As we all know, when you buy just about any product now the label is filled with promises. How it was grown or processed, where it came from, how it got here, what it has in it…

When it comes to coffee, many people look at all these images and wonder, “What do these mean?”

Well, in this blog we are going to break down the mystery between two frequently used terms related to those images: Fair Trade and Direct Trade.

Let’s begin by defining the two terms.

Fair Trade is a set of standards regulated by third party non-profit organizations. The goal of these standards is to improve the lives of farmers and their communities while producing a high quality product. Because Fair Trade does require a certification to be earned by the farms, certified brands will have a logo on the packaging to help consumers differentiate them.

Direct Trade is a set of standards regulated by individual companies. The goal of these standards is to improve quality of coffee. Since higher quality coffee can demand a high price, the hope is that the extra profits will go back to the farmer’s in the form of increased wages and community improvements. Because there is no legal or formal Direct Trade certification, these products do not have a logo to differentiate them at this time.

And just in case those definitions seem a bit dry, give this video a glance. PBS hosts an entire web series from The Lexicon of Sustainability called Know Your Food. This series helps define the terms people need to understand if they are going to truly live a more sustainable life. Armed with this knowledge, people can make more informed decisions about the food they chose to eat.

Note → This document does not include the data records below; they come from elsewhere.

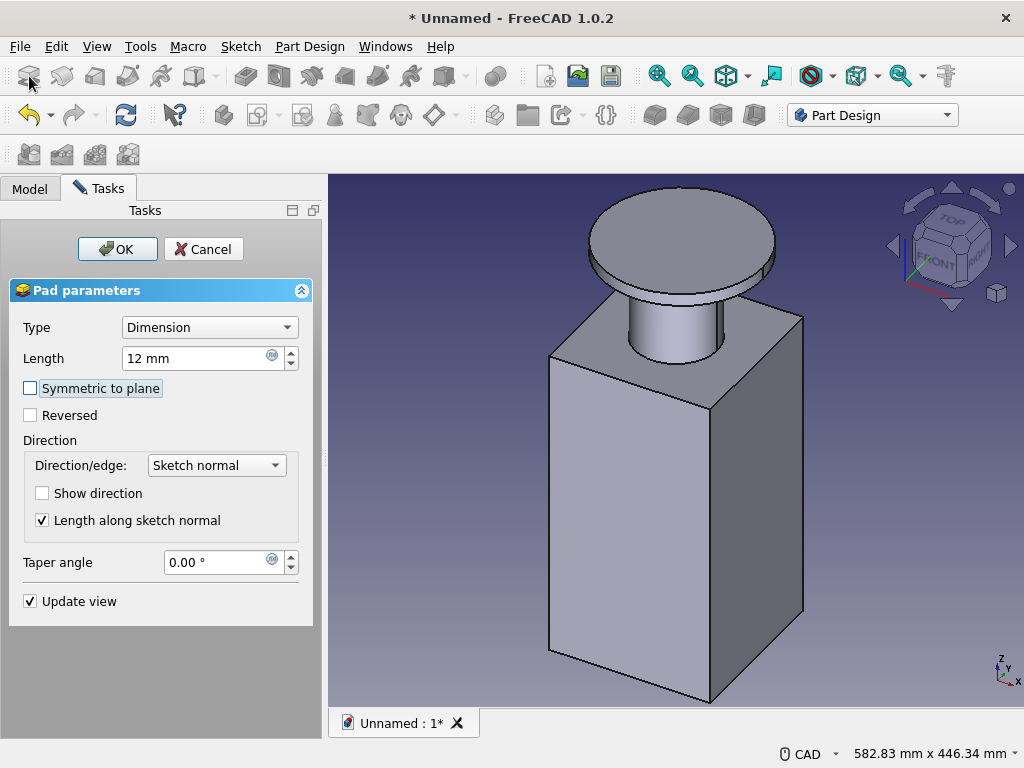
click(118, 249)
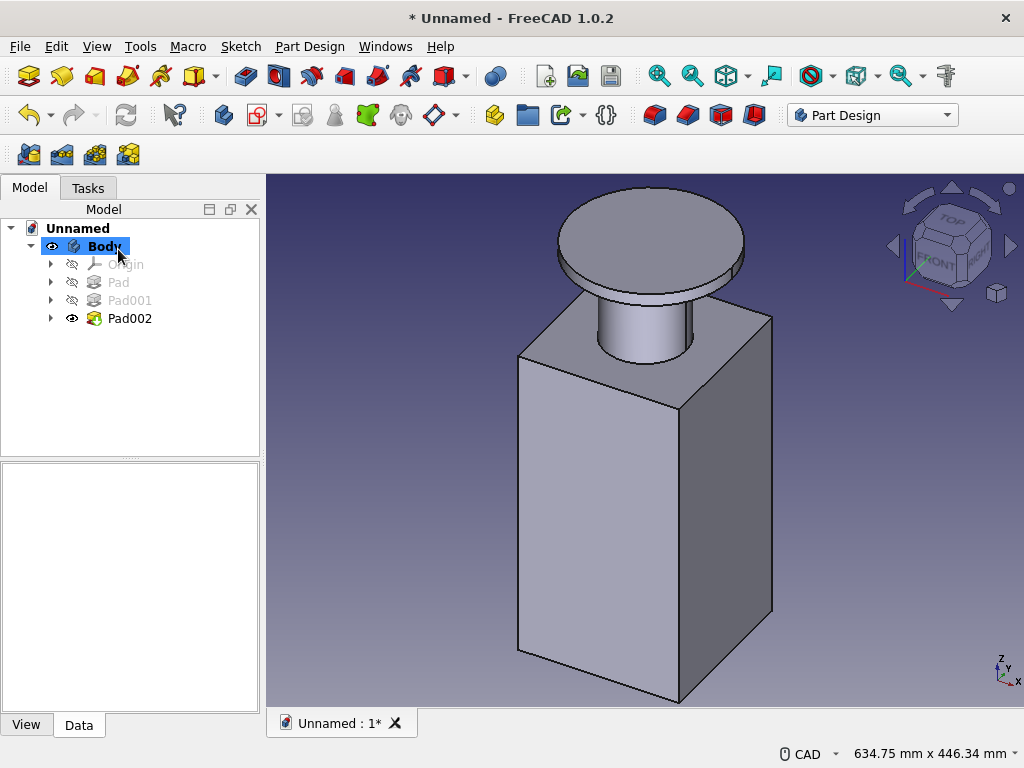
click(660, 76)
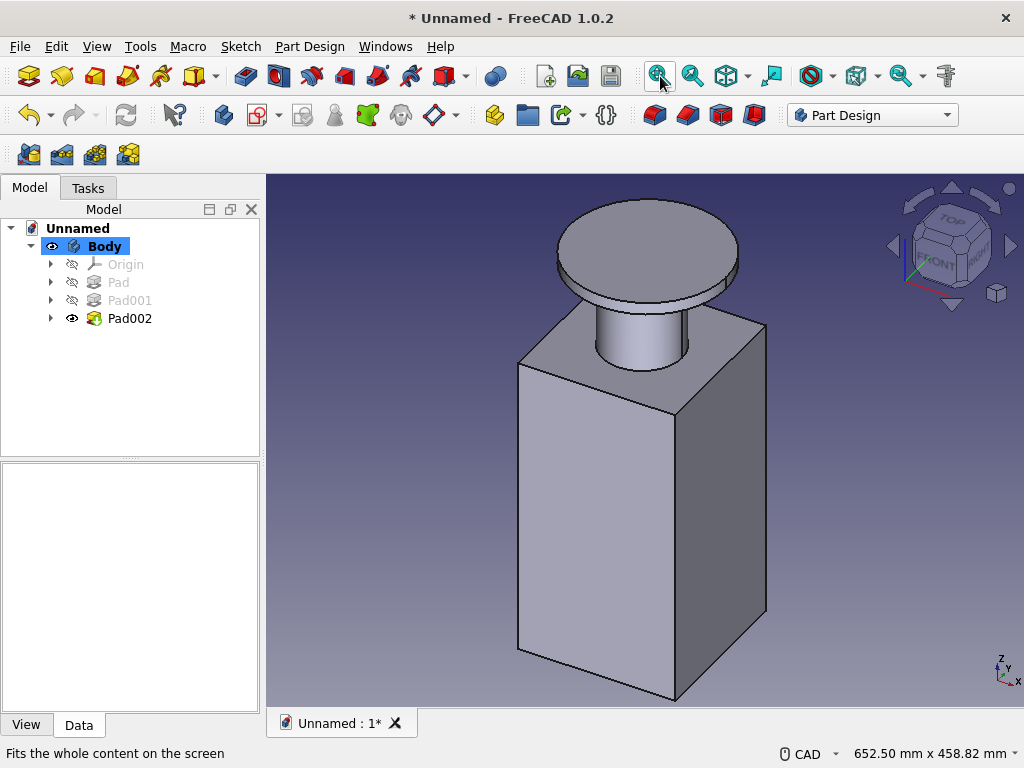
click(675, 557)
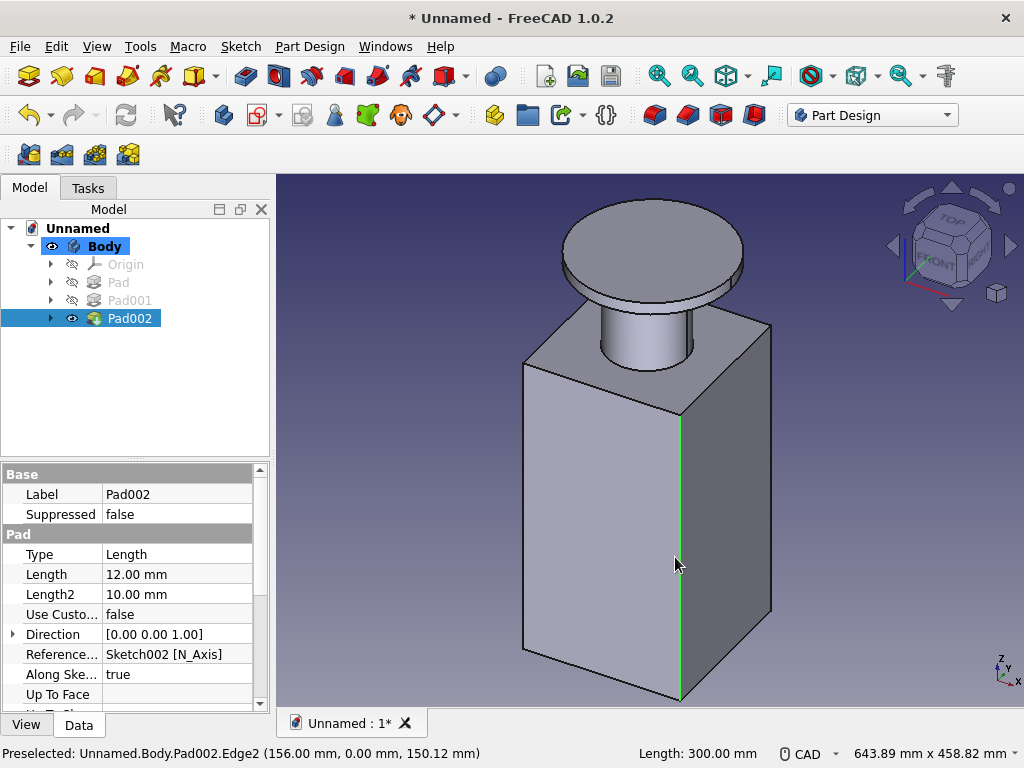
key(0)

So, what is the difference?

First, we need to be clear that one approach is not better than the other. Both programs have strategies in place to create evolving solutions.

And secondly, it all really comes down to what they value. While many of their values; quality, farmer and community empowerment, and environmental sustainability, overlap.  Fair Trade farmers are not compensated for great coffee and there are fewer farmers that benefit from Direct Trade.

Now what should you take away from this brief rundown? Education is key! Educate yourself about the program the logo belongs to and about the brand you are buying. The more we learn the better our choices will become. And we can be more confident that our money is going to people who genuinely value the building of strong communities and true sustainability.